REQUIRED ACTION >> Can you pull out each line of the data below that includes the word "dimension"?

______

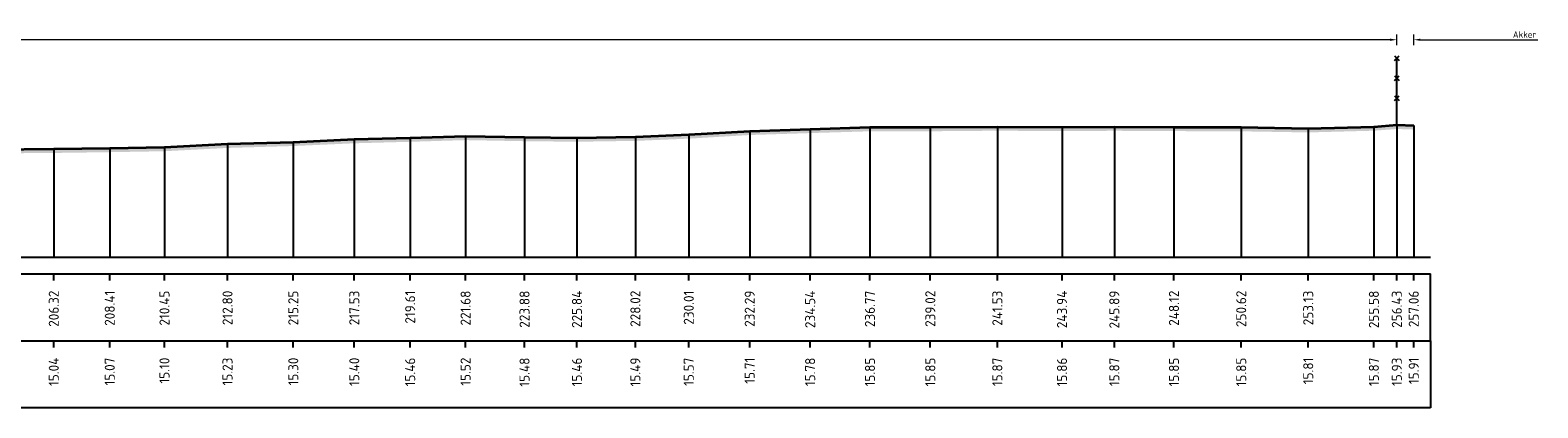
# Model space of a CAD drawing. Header units: metres. Extents: x 197883 to 206898, y 361907 to 364395.
# Tile 229 of 256: x 206716 to 206772, y 363796 to 363810. Entities that reach past the tile are written whole.
import ezdxf
from ezdxf.enums import TextEntityAlignment as Align

# ---------------------------------------------------------------- set-up
doc = ezdxf.new("R2010")
doc.units = ezdxf.units.M
doc.header["$PDMODE"] = 35
doc.header["$PDSIZE"] = 0.075
for name, color, linetype, lineweight in [('B-ME-IE-TERREINAFSCHEIDING_KUNSTMATIG_RASTERHEKWERK-SD', 20, 'Continuous', 25), ('X-ME-AL-PROFIEL_HUIDIG MAAIVELD-GD', 252, 'Continuous', 0), ('X-XX-AL-DETAIL1-M', 7, 'Continuous', 18), ('X-XX-AL-DWARSPROFIEL_PROFIELLIJN MAAIVELD-GD', 8, 'Continuous', 35)]:
    doc.layers.add(name, color=color, linetype=linetype, lineweight=lineweight)
doc.layers.add('X-ME-AL-PROFIELRASTER-S', color=7, linetype='Continuous')
doc.styles.add('NLCS-ISO-ANNOTATIVE-T18', font='NLCS-ISO.ttf', dxfattribs={"height": 1.8})
doc.styles.add('NLCS-ISO-M100-T25', font='NLCS-ISO.ttf', dxfattribs={"height": 0.25})
doc.dimstyles.new('NLCS-M100-T25-PIJL_L2_H1', dxfattribs={"dimscale": 0.1, "dimtxt": 2.5, "dimasz": 2.5, "dimexe": 2, "dimexo": 2, "dimgap": 0.7, "dimtad": 1, "dimzin": 0, "dimdsep": 46, "dimtxsty": 'NLCS-ISO-M100-T25', "dimcen": 0, "dimdle": 2, "dimclrd": 256, "dimclre": 256, "dimclrt": 256, "dimadec": 1, "dimazin": 0, "dimtfac": 1, "dimtdec": 3, "dimtofl": 0, "dimtmove": 0, "dimatfit": 3, "dimfxl": 2, "dimfxlon": 1, "dimtfillclr": 256, "dimtolj": 1, "dimtzin": 0, "dimlwd": -1, "dimlwe": -1, "dimarcsym": 0})

# ---------------------------------------------------------------- blocks, each defined once
blk = doc.blocks.new('SAL-PROFIELRASTER_BALK_EIND1-D')
at = {"color": 0, "linetype": 'ByBlock', "lineweight": -2}
blk.add_line((1, -12.5), (1, -2.5), dxfattribs=at)
at = {"color": 0, "linetype": 'ByBlock', "lineweight": -2, "flags": 128}
for points in [[(0, 0), (1, 0)], [(0, -2.5), (1, -2.5)], [(0, -12.5), (1, -12.5)]]:
    blk.add_lwpolyline(points, dxfattribs=at)
blk = doc.blocks.new('SAL-PROFIELRASTER_BALK_EIND2-D')
at = {"color": 0, "linetype": 'ByBlock', "lineweight": -2}
for p, q in [((1, -2.5), (1, -12.5)), ((1, -12.5), (0, -12.5))]:
    blk.add_line(p, q, dxfattribs=at)
blk = doc.blocks.new('SAL-PROFIELRASTER_BALK_DATA-D')
at = {"color": 0, "linetype": 'ByBlock', "lineweight": -2}
blk.add_lwpolyline([(0, -3.5), (0, -2.5)], dxfattribs=at)
at = {"color": 0, "linetype": 'ByBlock', "lineweight": -2, "style": 'NLCS-ISO-ANNOTATIVE-T18'}
blk.add_attdef('GETAL', text='', height=1.5, rotation=90, dxfattribs=at).set_placement((0.75, -5), align=Align.RIGHT)
blk = doc.blocks.new('SAL-PROFIELRASTER_AANHAAL-D')
at = {"color": 9, "linetype": 'ByBlock', "lineweight": -2, "flags": 128}
blk.add_lwpolyline([(0, 1), (0, 0)], dxfattribs=at)
blk = doc.blocks.new('*D146')
at = {"layer": 'Defpoints', "color": 0, "transparency": 16777216}
for p in [(206561.688, 363810.112), (206561.688, 363801.997), (206766.879, 363801.997)]:
    blk.add_point(p, dxfattribs=at)
at = {"layer": 'X-XX-AL-DETAIL1-M', "color": 253, "transparency": 16777216}
for p, q in [((206561.688, 363809.912), (206561.688, 363810.312)), ((206766.629, 363810.112), (206561.938, 363810.112)), ((206766.879, 363809.912), (206766.879, 363810.312))]:
    blk.add_line(p, q, dxfattribs=at)
for points in [[(206561.938, 363810.153), (206561.938, 363810.07), (206561.688, 363810.112)], [(206766.629, 363810.153), (206766.629, 363810.07), (206766.879, 363810.112)]]:
    blk.add_solid(points, dxfattribs=at)
at = {"layer": 'X-XX-AL-DETAIL1-M', "color": 253, "transparency": 16777216, "insert": (206664.283, 363810.307), "char_height": 0.25, "attachment_point": 5, "style": 'NLCS-ISO-M100-T25'}
blk.add_mtext('\\A1;Gras', dxfattribs=at)
blk = doc.blocks.new('*D147')
at = {"layer": 'Defpoints', "color": 0, "transparency": 16777216}
for p in [(206766.879, 363810.112), (206766.879, 363801.997), (206767.511, 363801.997)]:
    blk.add_point(p, dxfattribs=at)
at = {"layer": 'X-XX-AL-DETAIL1-M', "color": 253, "transparency": 16777216}
for p, q in [((206766.629, 363810.112), (206766.379, 363810.112)), ((206766.879, 363809.912), (206766.879, 363810.312)), ((206767.511, 363809.912), (206767.511, 363810.312)), ((206767.761, 363810.112), (206772.141, 363810.112))]:
    blk.add_line(p, q, dxfattribs=at)
for points in [[(206766.629, 363810.153), (206766.629, 363810.07), (206766.879, 363810.112)], [(206767.761, 363810.153), (206767.761, 363810.07), (206767.511, 363810.112)]]:
    blk.add_solid(points, dxfattribs=at)
at = {"layer": 'X-XX-AL-DETAIL1-M', "color": 253, "transparency": 16777216, "insert": (206771.646, 363810.307), "char_height": 0.25, "attachment_point": 5, "style": 'NLCS-ISO-M100-T25'}
blk.add_mtext('\\A1;Akker', dxfattribs=at)
blk = doc.blocks.new('SIE-RASTERHEKWERK-SOD')
at = {"flags": 128}
for points in [[(-0.035, 1.035), (0.035, 0.965)], [(-0.035, 0.965), (0, 1), (0.035, 1.035)], [(0, 0), (0, 1)], [(-0.035, 0.735), (0.035, 0.665)], [(-0.035, 0.665), (0, 0.7), (0.035, 0.735)], [(-0.035, 0.435), (0.035, 0.365)], [(-0.035, 0.365), (0, 0.4), (0.035, 0.435)]]:
    blk.add_lwpolyline(points, dxfattribs=at)

msp = doc.modelspace()

# ---------------------------------------------------------------- hatches: boundary and pattern name
at = {"layer": 'X-ME-AL-PROFIEL_HUIDIG MAAIVELD-GD'}
h = msp.add_hatch(dxfattribs=at)
h.set_pattern_fill('AGR-MAAIVELD', color=256, scale=0.05, pattern_type=2)
h.set_pattern_definition([(45, (708.54496, 300.36698), (-0.25000007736, 0.25000007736), []), (45, (708.50925, 300.4027), (0, 0.50000015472), [0.3535535, -0.3535535]), (45, (708.47354, 300.4384), (0, 0.50000015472), [0.3535535, -0.3535535]), (45, (708.43732, 300.47462), (0, 0.50000015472), [0.3535535, -0.3535535]), (45, (708.4021, 300.50984), (0, 0.50000015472), [0.3535535, -0.3535535]), (45, (708.3664, 300.54555), (0, 0.50000015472), [0.3535535, -0.3535535]), (45, (708.33068, 300.58127), (0, 0.50000015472), [0.3535535, -0.3535535]), (315, (708.54496, 300.36698), (0.25000007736, 0.25000007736), []), (315, (708.58068, 300.4027), (0.50000015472, -1e-16), [0.3535535, -0.3535535]), (315, (708.6164, 300.4384), (0.50000015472, -1e-16), [0.3535535, -0.3535535]), (315, (708.6526, 300.47462), (0.50000015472, -1e-16), [0.3535535, -0.3535535]), (315, (708.68782, 300.50984), (0.50000015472, -1e-16), [0.3535535, -0.3535535]), (315, (708.72354, 300.54555), (0.50000015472, -1e-16), [0.3535535, -0.3535535]), (315, (708.75925, 300.58127), (0.50000015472, -1e-16), [0.3535535, -0.3535535])])
h.paths.add_polyline_path([(206767.511, 363806.91), (206767.511, 363806.76), (206766.879, 363806.78), (206766.023, 363806.717), (206763.573, 363806.652), (206761.072, 363806.694), (206758.563, 363806.701), (206756.339, 363806.714), (206754.386, 363806.702), (206751.974, 363806.717), (206749.471, 363806.696), (206747.219, 363806.695), (206744.989, 363806.628), (206742.733, 363806.556), (206740.46, 363806.421), (206738.467, 363806.337), (206736.286, 363806.305), (206734.331, 363806.325), (206732.131, 363806.366), (206730.063, 363806.303), (206727.978, 363806.247), (206725.702, 363806.145), (206723.248, 363806.074), (206720.896, 363805.951), (206718.855, 363805.915), (206716.765, 363805.887), (206714.528, 363805.87), (206712.466, 363805.9), (206710.352, 363805.839), (206708.352, 363805.866), (206706.29, 363805.781), (206704.037, 363805.801), (206702.032, 363805.809), (206700.061, 363805.79), (206698.133, 363805.803), (206696.305, 363805.83), (206694.256, 363805.929), (206692.212, 363805.995), (206690.11, 363805.994), (206688.24, 363805.976), (206686.142, 363805.945), (206684.409, 363805.947), (206682.156, 363805.956), (206680.062, 363806.06), (206678.073, 363806.183), (206676.053, 363806.309), (206674.076, 363806.423), (206671.996, 363806.553), (206669.833, 363806.616), (206667.996, 363806.657), (206666.005, 363806.637), (206663.827, 363806.66), (206661.835, 363806.636), (206659.858, 363806.651), (206657.772, 363806.665), (206655.779, 363806.711), (206653.923, 363806.73), (206651.81, 363806.772), (206649.849, 363806.802), (206647.955, 363806.86), (206646.028, 363806.879), (206643.989, 363806.894), (206641.917, 363806.815), (206640.079, 363806.617), (206638.259, 363806.37), (206636.391, 363806.104), (206634.565, 363805.91), (206632.546, 363805.833), (206630.555, 363805.799), (206628.722, 363805.769), (206626.735, 363805.817), (206624.781, 363805.877), (206622.814, 363805.909), (206620.783, 363805.969), (206618.672, 363806.051), (206616.767, 363806.116), (206614.707, 363806.231), (206612.62, 363806.309), (206610.54, 363806.361), (206608.584, 363806.417), (206606.667, 363806.485), (206604.808, 363806.517), (206602.903, 363806.562), (206600.953, 363806.595), (206599.209, 363806.624), (206597.279, 363806.631), (206595.396, 363806.675), (206593.457, 363806.725), (206591.538, 363806.716), (206589.435, 363806.69), (206587.556, 363806.672), (206585.855, 363806.608), (206584.245, 363806.611), (206582.339, 363806.597), (206580.179, 363806.627), (206578.09, 363806.676), (206576.065, 363806.751), (206574.099, 363806.833), (206572.385, 363806.892), (206570.578, 363806.93), (206568.6, 363806.96), (206566.525, 363807.059), (206564.682, 363807.153), (206562.839, 363807.214), (206561.133, 363807.223), (206560.143, 363807.098), (206558.644, 363806.687), (206557.55, 363806.301), (206556.543, 363805.777), (206555.629, 363805.371), (206553.942, 363805.262), (206552.078, 363805.124), (206551.146, 363804.9), (206549.358, 363804.581), (206548.189, 363804.681), (206546.664, 363804.612), (206545.245, 363804.579), (206543.91, 363804.574), (206542.64, 363805.057), (206540.966, 363805.211), (206539.541, 363805.239), (206538.372, 363805.269), (206536.936, 363805.64), (206535.825, 363806.141), (206534.85, 363806.71), (206533.385, 363807.094), (206531.357, 363807.093), (206529.454, 363807.064), (206526.906, 363807.042), (206524.099, 363807.033), (206521.255, 363807.026), (206518.432, 363807.038), (206515.765, 363807.055), (206512.974, 363807.023), (206510.448, 363807.033), (206510.448, 363807.183), (206512.974, 363807.173), (206515.765, 363807.205), (206518.432, 363807.188), (206521.255, 363807.176), (206524.099, 363807.183), (206526.906, 363807.192), (206529.454, 363807.214), (206531.357, 363807.243), (206533.385, 363807.244), (206534.85, 363806.86), (206535.825, 363806.291), (206536.936, 363805.79), (206538.372, 363805.419), (206539.541, 363805.389), (206540.966, 363805.361), (206542.64, 363805.207), (206543.91, 363804.724), (206545.245, 363804.729), (206546.664, 363804.762), (206548.189, 363804.831), (206549.358, 363804.731), (206551.146, 363805.05), (206552.078, 363805.274), (206553.942, 363805.412), (206555.629, 363805.521), (206556.543, 363805.927), (206557.55, 363806.451), (206558.644, 363806.837), (206560.143, 363807.248), (206561.133, 363807.373), (206562.839, 363807.364), (206564.682, 363807.303), (206566.525, 363807.209), (206568.6, 363807.11), (206570.578, 363807.08), (206572.385, 363807.042), (206574.099, 363806.983), (206576.065, 363806.901), (206578.09, 363806.826), (206580.179, 363806.777), (206582.339, 363806.747), (206584.245, 363806.761), (206585.855, 363806.758), (206587.556, 363806.822), (206589.435, 363806.84), (206591.538, 363806.866), (206593.457, 363806.875), (206595.396, 363806.825), (206597.279, 363806.781), (206599.209, 363806.774), (206600.953, 363806.745), (206602.903, 363806.712), (206604.808, 363806.667), (206606.667, 363806.635), (206608.584, 363806.567), (206610.54, 363806.511), (206612.62, 363806.459), (206614.707, 363806.381), (206616.767, 363806.266), (206618.672, 363806.201), (206620.783, 363806.119), (206622.814, 363806.059), (206624.781, 363806.027), (206626.735, 363805.967), (206628.722, 363805.919), (206630.555, 363805.949), (206632.546, 363805.983), (206634.565, 363806.06), (206636.391, 363806.254), (206638.259, 363806.52), (206640.079, 363806.767), (206641.917, 363806.965), (206643.989, 363807.044), (206646.028, 363807.029), (206647.955, 363807.01), (206649.849, 363806.952), (206651.81, 363806.922), (206653.923, 363806.88), (206655.779, 363806.861), (206657.772, 363806.815), (206659.858, 363806.801), (206661.835, 363806.786), (206663.827, 363806.81), (206666.005, 363806.787), (206667.996, 363806.807), (206669.833, 363806.766), (206671.996, 363806.703), (206674.076, 363806.573), (206676.053, 363806.459), (206678.073, 363806.333), (206680.062, 363806.21), (206682.156, 363806.106), (206684.409, 363806.097), (206686.142, 363806.095), (206688.24, 363806.126), (206690.11, 363806.144), (206692.212, 363806.145), (206694.256, 363806.079), (206696.305, 363805.98), (206698.133, 363805.953), (206700.061, 363805.94), (206702.032, 363805.959), (206704.037, 363805.951), (206706.29, 363805.931), (206708.352, 363806.016), (206710.352, 363805.989), (206712.466, 363806.05), (206714.528, 363806.02), (206716.765, 363806.037), (206718.855, 363806.065), (206720.896, 363806.101), (206723.248, 363806.224), (206725.702, 363806.295), (206727.978, 363806.397), (206730.063, 363806.453), (206732.131, 363806.516), (206734.331, 363806.475), (206736.286, 363806.455), (206738.467, 363806.487), (206740.46, 363806.571), (206742.733, 363806.706), (206744.989, 363806.778), (206747.219, 363806.845), (206749.471, 363806.846), (206751.974, 363806.867), (206754.386, 363806.852), (206756.339, 363806.864), (206758.563, 363806.851), (206761.072, 363806.844), (206763.573, 363806.802), (206766.023, 363806.867), (206766.879, 363806.93)])

# ---------------------------------------------------------------- linework, layer by layer
at = {"layer": 'X-XX-AL-DWARSPROFIEL_PROFIELLIJN MAAIVELD-GD'}
msp.add_lwpolyline([(206714.528, 363806.02), (206716.765, 363806.037), (206718.855, 363806.065), (206720.896, 363806.101), (206723.248, 363806.224), (206725.702, 363806.295), (206727.978, 363806.397), (206730.063, 363806.453), (206732.131, 363806.516), (206734.331, 363806.475), (206736.286, 363806.455), (206738.467, 363806.487), (206740.46, 363806.571), (206742.733, 363806.706), (206744.989, 363806.778), (206747.219, 363806.845), (206749.471, 363806.846), (206751.974, 363806.867), (206754.386, 363806.852), (206756.339, 363806.864), (206758.563, 363806.851), (206761.072, 363806.844), (206763.573, 363806.802), (206766.023, 363806.867), (206766.879, 363806.93), (206767.511, 363806.91)], dxfattribs=at)

# ---------------------------------------------------------------- block references
at = {"layer": 'B-ME-IE-TERREINAFSCHEIDING_KUNSTMATIG_RASTERHEKWERK-SD', "xscale": 2.5, "yscale": 2.5, "zscale": 2.5}
msp.add_blockref('SIE-RASTERHEKWERK-SOD', (206766.879, 363806.93), dxfattribs=at)
at = {"layer": 'X-ME-AL-PROFIELRASTER-S'}
for p, yscale in [((206732.131, 363801.997), 4.519), ((206734.331, 363801.997), 4.478), ((206738.467, 363801.997), 4.49), ((206740.46, 363801.997), 4.574), ((206742.733, 363801.997), 4.709), ((206744.989, 363801.997), 4.781000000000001), ((206747.219, 363801.997), 4.848000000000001), ((206749.471, 363801.997), 4.849), ((206751.974, 363801.997), 4.869999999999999), ((206754.386, 363801.997), 4.855), ((206756.339, 363801.997), 4.867000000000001), ((206758.563, 363801.997), 4.853999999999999), ((206761.072, 363801.997), 4.847), ((206763.573, 363801.997), 4.805), ((206766.023, 363801.997), 4.869999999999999), ((206766.879, 363801.997), 4.933), ((206767.511, 363801.997), 4.913), ((206716.765, 363801.997), 4.039999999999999), ((206718.855, 363801.997), 4.068), ((206720.896, 363801.997), 4.103999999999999), ((206723.248, 363801.997), 4.227), ((206725.702, 363801.997), 4.298), ((206727.978, 363801.997), 4.4), ((206730.063, 363801.997), 4.456), ((206736.286, 363801.997), 4.458)]:
    msp.add_blockref('SAL-PROFIELRASTER_AANHAAL-D', p, dxfattribs=dict(at, yscale=yscale))
at = {"layer": 'X-ME-AL-PROFIELRASTER-S', "xscale": 257.6883281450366, "yscale": 0.25, "zscale": 257.6883281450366}
for name, p in [('SAL-PROFIELRASTER_BALK_EIND1-D', (206510.448, 363801.997)), ('SAL-PROFIELRASTER_BALK_EIND2-D', (206510.448, 363799.497))]:
    msp.add_blockref(name, p, dxfattribs=at)
at = {"layer": 'X-ME-AL-PROFIELRASTER-S', "xscale": 0.25, "yscale": 0.25, "zscale": 0.25}
for p, values in [((206716.765, 363801.997), {'GETAL': '206.32'}), ((206718.855, 363801.997), {'GETAL': '208.41'}), ((206720.896, 363801.997), {'GETAL': '210.45'}), ((206723.248, 363801.997), {'GETAL': '212.80'}), ((206725.702, 363801.997), {'GETAL': '215.25'}), ((206727.978, 363801.997), {'GETAL': '217.53'}), ((206730.063, 363801.997), {'GETAL': '219.61'}), ((206732.131, 363801.997), {'GETAL': '221.68'}), ((206734.331, 363801.997), {'GETAL': '223.88'}), ((206736.286, 363801.997), {'GETAL': '225.84'}), ((206738.467, 363801.997), {'GETAL': '228.02'}), ((206740.46, 363801.997), {'GETAL': '230.01'}), ((206742.733, 363801.997), {'GETAL': '232.29'}), ((206744.989, 363801.997), {'GETAL': '234.54'}), ((206747.219, 363801.997), {'GETAL': '236.77'}), ((206749.471, 363801.997), {'GETAL': '239.02'}), ((206751.974, 363801.997), {'GETAL': '241.53'}), ((206754.386, 363801.997), {'GETAL': '243.94'}), ((206756.339, 363801.997), {'GETAL': '245.89'}), ((206758.563, 363801.997), {'GETAL': '248.12'}), ((206761.072, 363801.997), {'GETAL': '250.62'}), ((206763.573, 363801.997), {'GETAL': '253.13'}), ((206766.023, 363801.997), {'GETAL': '255.58'}), ((206766.879, 363801.997), {'GETAL': '256.43'}), ((206767.511, 363801.997), {'GETAL': '257.06'}), ((206716.765, 363799.497), {'GETAL': '15.04'}), ((206718.855, 363799.497), {'GETAL': '15.07'}), ((206720.896, 363799.497), {'GETAL': '15.10'}), ((206723.248, 363799.497), {'GETAL': '15.23'}), ((206725.702, 363799.497), {'GETAL': '15.30'}), ((206727.978, 363799.497), {'GETAL': '15.40'}), ((206730.063, 363799.497), {'GETAL': '15.46'}), ((206732.131, 363799.497), {'GETAL': '15.52'}), ((206734.331, 363799.497), {'GETAL': '15.48'}), ((206736.286, 363799.497), {'GETAL': '15.46'}), ((206738.467, 363799.497), {'GETAL': '15.49'}), ((206740.46, 363799.497), {'GETAL': '15.57'}), ((206742.733, 363799.497), {'GETAL': '15.71'}), ((206744.989, 363799.497), {'GETAL': '15.78'}), ((206747.219, 363799.497), {'GETAL': '15.85'}), ((206749.471, 363799.497), {'GETAL': '15.85'}), ((206751.974, 363799.497), {'GETAL': '15.87'}), ((206754.386, 363799.497), {'GETAL': '15.86'}), ((206756.339, 363799.497), {'GETAL': '15.87'}), ((206758.563, 363799.497), {'GETAL': '15.85'}), ((206761.072, 363799.497), {'GETAL': '15.85'}), ((206763.573, 363799.497), {'GETAL': '15.81'}), ((206766.023, 363799.497), {'GETAL': '15.87'}), ((206766.879, 363799.497), {'GETAL': '15.93'}), ((206767.511, 363799.497), {'GETAL': '15.91'})]:
    msp.add_blockref('SAL-PROFIELRASTER_BALK_DATA-D', p, dxfattribs=at).add_auto_attribs(values)

# ---------------------------------------------------------------- dimensions: what is measured, and where the dimension line sits
at = {"layer": 'X-XX-AL-DETAIL1-M', "color": 253}
for base, p1, p2, text, picture, middle in [((206561.688, 363810.112), (206766.879, 363801.997), (206561.688, 363801.997), 'Gras', '*D146', (206664.283, 363810.112)), ((206766.879, 363810.112), (206767.511, 363801.997), (206766.879, 363801.997), 'Akker', '*D147', (206771.646, 363810.112))]:
    dim = msp.add_linear_dim(base=base, p1=p1, p2=p2, text=text, dimstyle='NLCS-M100-T25-PIJL_L2_H1', override={"dimclrd": 253, "dimclre": 253, "dimclrt": 253}, dxfattribs=at)
    dim.commit()
    dim.dimension.update_dxf_attribs({"geometry": picture, "text_midpoint": middle, "dimtype": 160})

doc.saveas('drawing.dxf')

______

OUTPUT BELOW >>
# ---------------------------------------------------------------- dimensions: what is measured, and where the dimension line sits
    dim.dimension.update_dxf_attribs({"geometry": picture, "text_midpoint": middle, "dimtype": 160})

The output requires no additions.